Design and construction
- Architect: David Chipperfield

= The Bryant =

Residential building in Manhattan, New York

The Bryant is a residential building at 16 West 40th Street, south of Bryant Park, in Midtown Manhattan, New York City, developed by HFZ Capital Group and designed by the firm of architect David Chipperfield. The building topped out in 2016, and construction ended in 2018.

==History==
The city first approved plans for the building in 2007. HFZ announced Chipperfield's role as architect in 2015, in the same press release that disclosed the development's name. The announcement also disclosed that the building would have both condominiums and a luxury hotel. The site formerly held a parking lot, and constituted the final undeveloped plot on Bryant Park.

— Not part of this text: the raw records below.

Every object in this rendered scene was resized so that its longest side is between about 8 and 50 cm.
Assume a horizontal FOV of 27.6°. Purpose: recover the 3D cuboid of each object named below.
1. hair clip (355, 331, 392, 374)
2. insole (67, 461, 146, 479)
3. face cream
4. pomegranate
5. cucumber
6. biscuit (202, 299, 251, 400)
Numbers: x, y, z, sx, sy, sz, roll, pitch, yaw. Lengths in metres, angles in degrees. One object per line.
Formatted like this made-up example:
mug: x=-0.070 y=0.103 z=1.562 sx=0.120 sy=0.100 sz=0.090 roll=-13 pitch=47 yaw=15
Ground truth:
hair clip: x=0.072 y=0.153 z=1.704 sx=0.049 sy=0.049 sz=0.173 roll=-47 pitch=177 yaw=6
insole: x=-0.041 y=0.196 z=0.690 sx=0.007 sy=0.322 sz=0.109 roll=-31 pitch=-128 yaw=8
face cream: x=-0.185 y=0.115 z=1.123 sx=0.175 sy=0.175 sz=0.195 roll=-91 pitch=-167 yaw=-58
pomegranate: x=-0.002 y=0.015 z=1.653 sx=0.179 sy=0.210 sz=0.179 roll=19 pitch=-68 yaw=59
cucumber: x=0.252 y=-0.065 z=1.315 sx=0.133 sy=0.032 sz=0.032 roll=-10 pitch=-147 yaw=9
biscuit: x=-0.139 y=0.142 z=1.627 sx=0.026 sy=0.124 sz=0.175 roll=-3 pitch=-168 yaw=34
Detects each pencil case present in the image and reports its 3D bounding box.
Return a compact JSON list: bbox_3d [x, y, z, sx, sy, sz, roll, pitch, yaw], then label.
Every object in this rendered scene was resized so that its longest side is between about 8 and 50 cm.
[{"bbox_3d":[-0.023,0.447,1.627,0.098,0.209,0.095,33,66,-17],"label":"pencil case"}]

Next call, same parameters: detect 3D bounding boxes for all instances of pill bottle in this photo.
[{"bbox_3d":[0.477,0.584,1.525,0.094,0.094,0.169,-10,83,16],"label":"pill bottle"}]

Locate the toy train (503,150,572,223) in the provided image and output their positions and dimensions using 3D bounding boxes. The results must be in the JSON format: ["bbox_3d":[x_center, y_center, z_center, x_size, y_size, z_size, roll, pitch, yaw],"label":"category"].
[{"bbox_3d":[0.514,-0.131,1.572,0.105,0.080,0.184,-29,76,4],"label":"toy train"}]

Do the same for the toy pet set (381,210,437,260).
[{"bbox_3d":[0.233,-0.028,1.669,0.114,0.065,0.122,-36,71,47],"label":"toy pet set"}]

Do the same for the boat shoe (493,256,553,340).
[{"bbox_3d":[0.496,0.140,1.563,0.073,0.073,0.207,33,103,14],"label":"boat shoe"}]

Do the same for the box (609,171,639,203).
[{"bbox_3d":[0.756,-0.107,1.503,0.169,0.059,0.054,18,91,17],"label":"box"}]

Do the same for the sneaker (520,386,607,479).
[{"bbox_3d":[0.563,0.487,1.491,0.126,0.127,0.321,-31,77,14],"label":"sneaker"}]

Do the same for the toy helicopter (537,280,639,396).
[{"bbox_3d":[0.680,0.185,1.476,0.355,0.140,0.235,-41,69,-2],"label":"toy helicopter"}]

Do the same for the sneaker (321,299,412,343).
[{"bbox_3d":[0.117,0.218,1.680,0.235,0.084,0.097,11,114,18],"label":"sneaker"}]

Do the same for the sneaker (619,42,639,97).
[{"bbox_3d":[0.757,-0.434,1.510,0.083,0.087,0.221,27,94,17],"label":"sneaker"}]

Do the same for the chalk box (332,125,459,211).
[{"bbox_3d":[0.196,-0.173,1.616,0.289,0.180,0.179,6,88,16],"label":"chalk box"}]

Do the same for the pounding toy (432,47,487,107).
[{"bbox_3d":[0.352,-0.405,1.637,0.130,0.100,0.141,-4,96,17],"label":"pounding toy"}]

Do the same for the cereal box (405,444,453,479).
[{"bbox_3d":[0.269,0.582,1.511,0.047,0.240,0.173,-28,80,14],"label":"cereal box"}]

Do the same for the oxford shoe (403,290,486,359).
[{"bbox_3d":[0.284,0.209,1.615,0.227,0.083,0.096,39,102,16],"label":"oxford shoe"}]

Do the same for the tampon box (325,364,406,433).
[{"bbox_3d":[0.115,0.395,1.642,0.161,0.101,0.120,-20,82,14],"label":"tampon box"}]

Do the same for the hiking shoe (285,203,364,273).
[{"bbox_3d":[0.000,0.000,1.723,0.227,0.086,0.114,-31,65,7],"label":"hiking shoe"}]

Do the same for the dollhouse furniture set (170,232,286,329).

The developers of the nearby Bryant Park Hotel sued HFZ over the use of the name "The Bryant".

==Architecture==
HFZ solicited plans from architectural firms including Morris Adjmi and Spivak Architects before settling on Chipperfield. The facade is made of precast, polished concrete, a choice Chipperfield made so that the structure would be aesthetically distinguished from new construction that employs glass as its facade. The New York Times referred to the facade as "[...] a touch that promises to make the building stand out". The precast material features marble and sandstone chips in various colors. The colors of the inserted materials reference nearby buildings. Chipperfield's firm also designed the interior, which features herringbone floors. The facade extends into the building's residences.

Though The Bryant is Chipperfield's first ground-up commission in New York, he previously designed the interior of the Bryant Park Hotel, inside the American Radiator Building, which neighbors The Bryant.